To address these challenges, the paper introduces the Social Group Optimization (SGO) algorithm, a metaheuristic approach inspired by human social behavior, which effectively balances exploration and exploitation during hyperparameter tuning. SGO’s dual learning mechanism allows it to navigate complex optimization problems without relying on derivative information, making it particularly suitable for black-box scenarios. The study demonstrates SGO’s effectiveness across various applications, including heart disease prediction, by fine-tuning the hyperparameters of RF and XGB classifiers using benchmark datasets like Cleveland and Statlog. The findings suggest that SGO not only improves predictive accuracy but also enhances computational efficiency, thereby contributing to the broader field of predictive analytics in healthcare.

Limitations

The section on limitations discusses how the ME-SGO (Modified Enhanced Simulated Gradient Optimization) engineering and electric vehicle (EV) optimization approaches have addressed the inherent limitations of standard Simulated Gradient Optimization (SGO) methods. Specifically, the authors, Manic et al., highlight that traditional SGO techniques often struggle with convergence speed and the ability to escape local minima, which can hinder optimal performance in complex engineering problems.

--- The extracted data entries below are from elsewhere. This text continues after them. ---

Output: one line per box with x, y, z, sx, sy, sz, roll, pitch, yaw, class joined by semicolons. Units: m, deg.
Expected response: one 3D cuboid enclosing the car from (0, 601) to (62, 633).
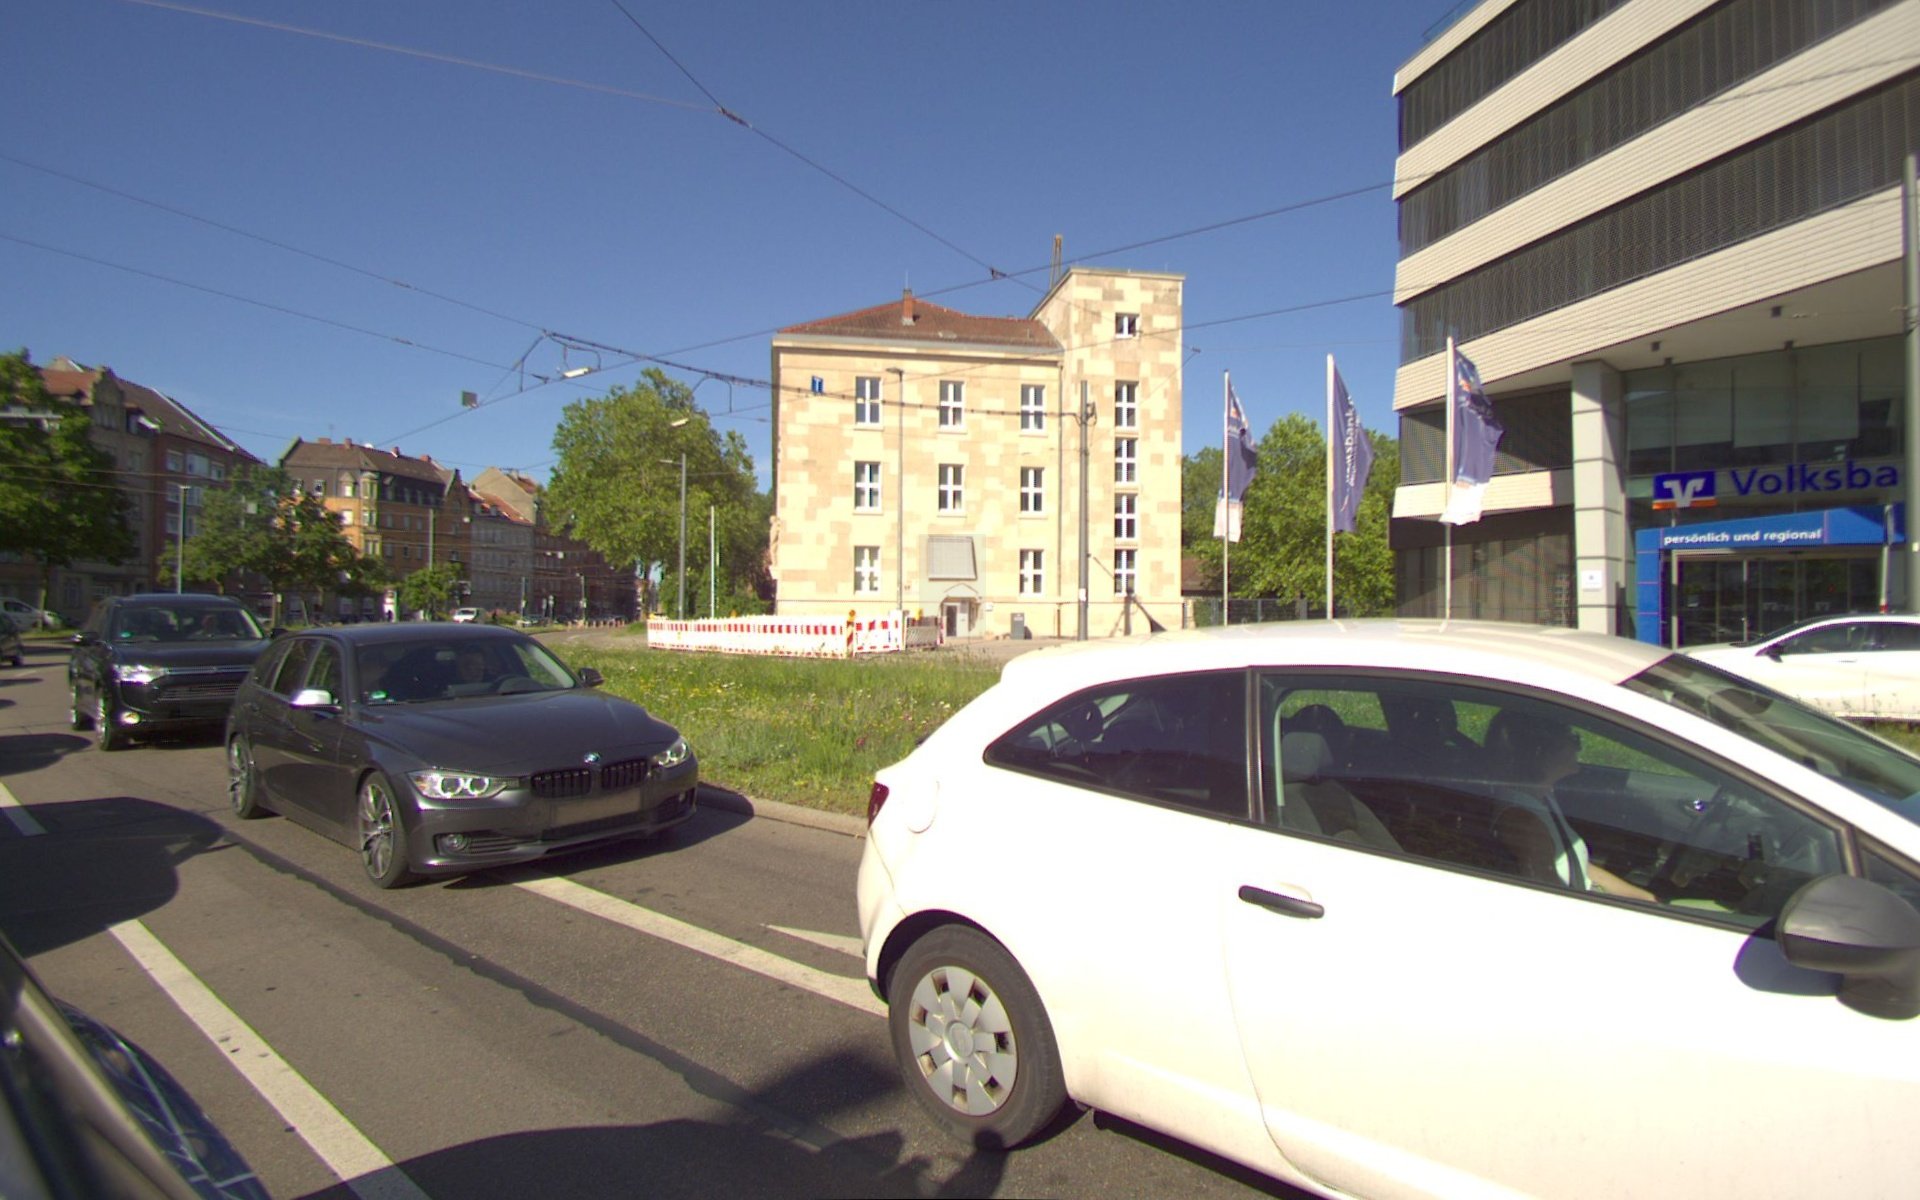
-49.932;0.883;52.796;4.514;1.680;1.601;2;-2;-43;car

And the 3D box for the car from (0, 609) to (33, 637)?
-48.767;1.143;50.390;3.768;1.390;1.602;2;-2;-41;car

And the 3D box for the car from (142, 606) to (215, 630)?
-53.933;1.264;69.878;3.771;1.603;1.601;2;-2;-44;car

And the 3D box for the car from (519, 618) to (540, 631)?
-49.154;2.800;115.678;1.809;1.483;4.728;1;-1;-19;car

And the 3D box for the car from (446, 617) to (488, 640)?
-45.668;2.608;93.852;1.953;2.101;4.718;1;-1;-5;car

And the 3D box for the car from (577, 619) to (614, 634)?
-42.851;3.073;119.018;4.001;1.669;1.772;1;-1;-16;car

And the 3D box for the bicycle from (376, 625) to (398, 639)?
-46.758;2.610;82.582;0.753;1.153;2.286;0;-1;-7;bicycle

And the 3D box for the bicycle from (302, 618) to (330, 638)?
-44.059;1.887;69.231;0.726;1.371;2.078;0;-1;-6;bicycle

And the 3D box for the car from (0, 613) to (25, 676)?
-27.443;1.192;27.979;1.810;1.659;4.158;2;-2;-36;car

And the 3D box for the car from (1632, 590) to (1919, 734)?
11.109;0.741;12.837;4.175;1.658;1.802;-1;-2;38;car

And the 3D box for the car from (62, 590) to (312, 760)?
-9.381;0.768;12.135;1.817;1.658;4.400;-1;-1;-45;car

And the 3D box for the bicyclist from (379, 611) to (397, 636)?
-46.717;1.881;82.630;0.836;2.029;1.198;0;-1;-7;bicyclist

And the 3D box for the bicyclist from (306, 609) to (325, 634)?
-44.040;1.450;69.160;0.724;1.707;0.972;0;-1;-6;bicyclist

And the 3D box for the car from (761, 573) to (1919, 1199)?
1.480;0.691;2.485;4.020;1.452;1.714;0;2;40;car

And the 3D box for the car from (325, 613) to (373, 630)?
-69.454;2.444;115.127;4.276;1.896;1.846;1;-1;-15;car

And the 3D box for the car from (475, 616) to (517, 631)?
-53.126;2.649;115.891;4.019;1.669;1.764;1;-1;5;car

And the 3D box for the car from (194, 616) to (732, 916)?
-3.599;0.823;6.885;4.424;1.377;1.719;-1;0;41;car
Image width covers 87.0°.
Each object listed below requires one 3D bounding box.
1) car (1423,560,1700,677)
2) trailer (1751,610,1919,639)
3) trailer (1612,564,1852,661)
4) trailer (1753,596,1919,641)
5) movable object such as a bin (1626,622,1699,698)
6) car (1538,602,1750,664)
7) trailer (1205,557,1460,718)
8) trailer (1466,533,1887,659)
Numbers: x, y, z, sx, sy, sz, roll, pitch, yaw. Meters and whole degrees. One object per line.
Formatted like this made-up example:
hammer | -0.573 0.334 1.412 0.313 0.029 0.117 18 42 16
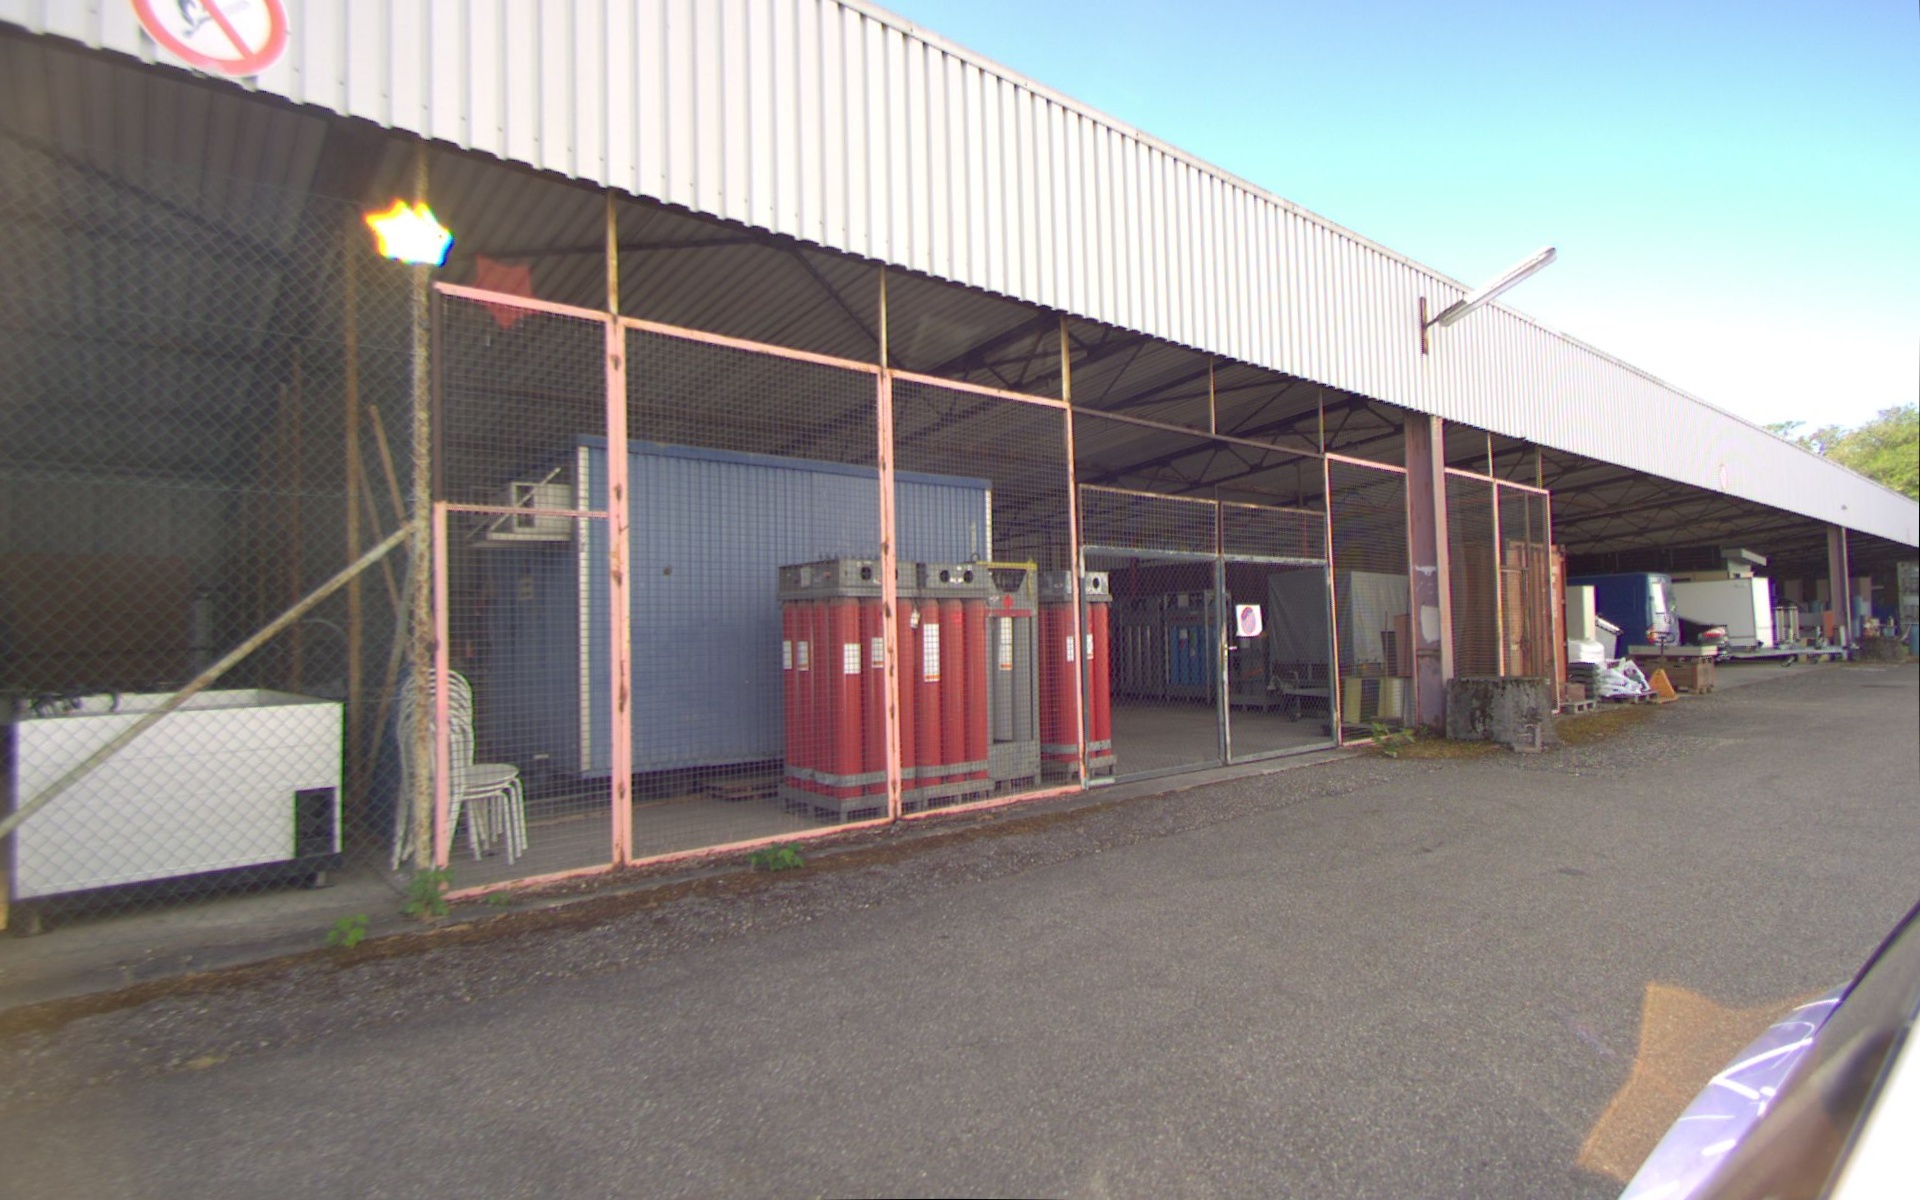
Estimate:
car | 13.492 0.469 23.014 1.964 2.356 4.988 0 -2 -39
trailer | 36.596 1.028 41.873 1.993 1.134 5.831 1 -2 -40
trailer | 20.867 0.385 27.600 1.792 2.422 4.827 0 -2 -35
trailer | 34.269 0.746 39.531 1.994 1.650 4.874 0 -2 -40
movable object such as a bin | 11.525 0.966 16.607 1.215 1.179 0.583 0 -2 -36
car | 18.059 0.868 26.877 1.746 1.515 4.333 0 -2 -42
trailer | 5.657 0.519 15.162 4.028 2.085 1.857 0 -2 -42
trailer | 21.303 0.045 30.964 2.803 3.257 10.055 0 -2 -40

By implementing ME-SGO, the authors demonstrate improvements in both convergence rates and solution quality, thereby enhancing the optimization process for EV applications. However, despite these advancements, the authors acknowledge that there may still be residual challenges related to computational efficiency and scalability when applying ME-SGO to larger, more intricate systems. This recognition underscores the need for ongoing research to further refine these optimization techniques in practical engineering contexts.